Стена Плача вызвала у А.В. Елисеева представление о древнем Иерусалиме, стены которого, по свидетельству Страбона, были видны с самого берега моря. Для Елисеева это сооружение выше всяких похвал, оно достойно строителей пирамид и доныне поражает своей грандиозностью. Сохранилась еще ничтожная часть его прошлого величия. А рядом с этим Величием – кучка евреев, буквально бившихся о холодный камень Стены Плача, обливших ее горячими слезами. Контраст с исполинской руиной, которую воздвигли их могущественные предки, налицо. И далее, на мой взгляд, тонкое замечание о том, что современный Харам-Эш-Шариф, несмотря на свою красоту, лишь блестящая игрушка46.

Описание Распутиным церкви Воскресения полнее, за исключением Гроба Господня.

Вероятно, здесь, у Гроба, он со своими спутниками провел всю ночь: «Повели нас ночевать. По нотам пели у Гроба акафисты и на Голгофе. Боже, какая отрада! Так сердце трепещет от умиления и слез. Потом утром в двенадцать часов – обедня и запели Пасху. Тут я посмотрел вокруг и сказал: "Рай земной, не отступи от меня, будь во мне!"». Искренность "старца" очевидна. Далее он вспоминает церковь св.

Елены и место обретения Честного Креста и рассказывает, как определили, какой крест принадлежал Спасителю. Рассказ наивен. Память иногда его подводит; так, коптскую часовенку он называет арабским алтарем. Но точно указывает место захоронения Никодима, но забывает о второй пещере с могилой Иосифа Аримафейского.

Сентенция Распутина по поводу Никодима: "Никогда не бойся делать добро и за добро всегда попадешь в честь"47.
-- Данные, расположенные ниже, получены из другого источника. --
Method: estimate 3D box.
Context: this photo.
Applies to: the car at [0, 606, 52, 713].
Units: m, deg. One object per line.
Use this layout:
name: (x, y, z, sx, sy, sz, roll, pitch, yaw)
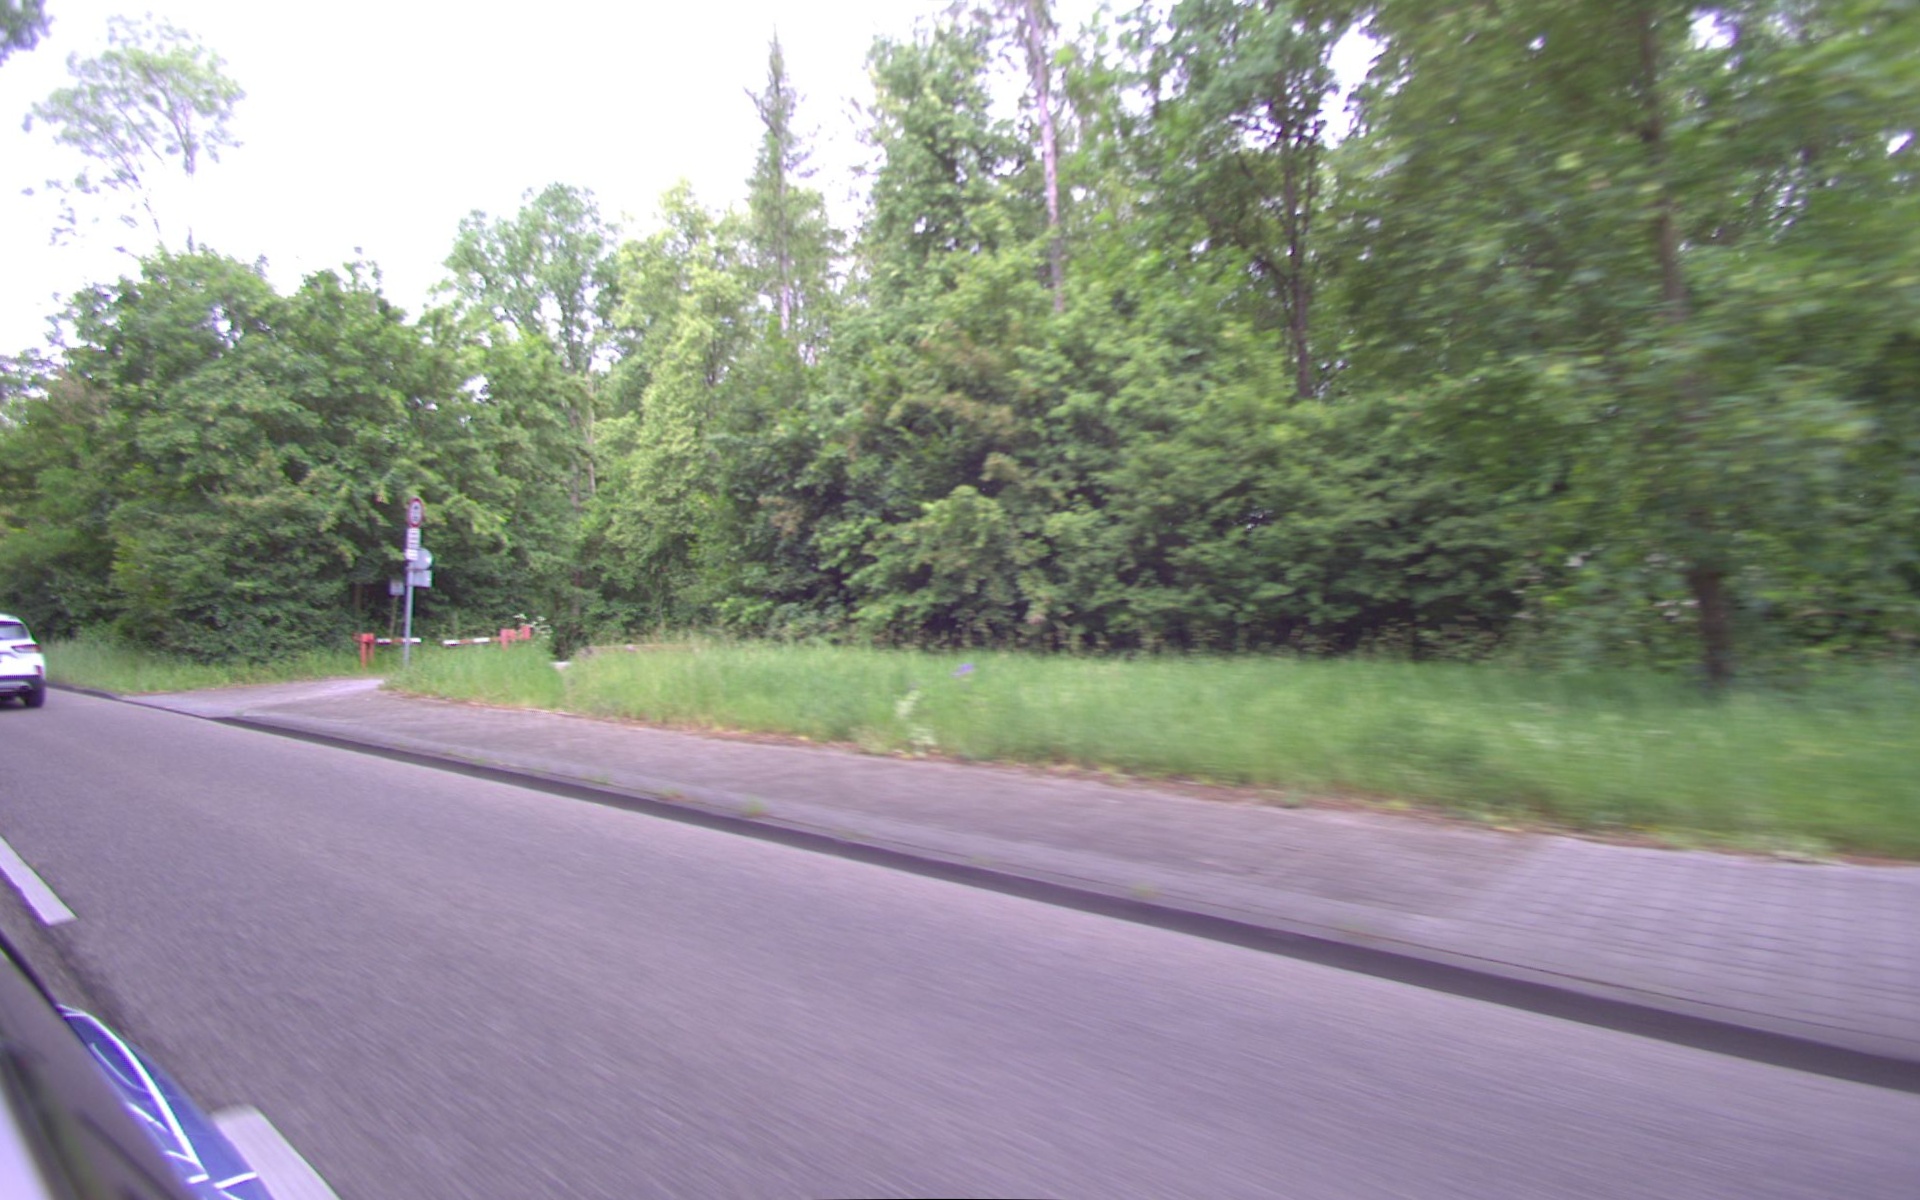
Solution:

Более всего Григория Ефимовича поразила трещина на одной из четырех колонн, подпирающих святую арку у входа в церковь. Его рассказ – не что иное, как фольклор, настоящий апокриф: "Не могу всего описать, многое рассказывают, как, когда не поверили и затворили храм и стали у Гроба католики, а разини армяне на улице, на паперти, в колонну Благодать сошла и один турка плюнул в колонну и там зубы его остались, и видать, как Бог наказует неверующих. Боже, спаси и помози!"48 На эту тему существует несколько вариаций – одну из них, почти "научную", расскажу. Как известно, у Гроба Господня на Страстной неделе, в Великую субботу, на Гроб нисходит Небесный огонь. В это верят представители всех конфессий, даже магометане, исключение составляют латиняне и, понятно, евреи. Этот Небесный огонь нисходит только Иерусалимскому патриарху. В XVI в., т. е. во времена вполне просвещенные, произошло следующее. Армяне попытались соперничать с православными и, подкупив турецкую стражу, проникли к Гробу Господню, в то время как греческое духовенство и православный клир вообще не были допущены внутрь.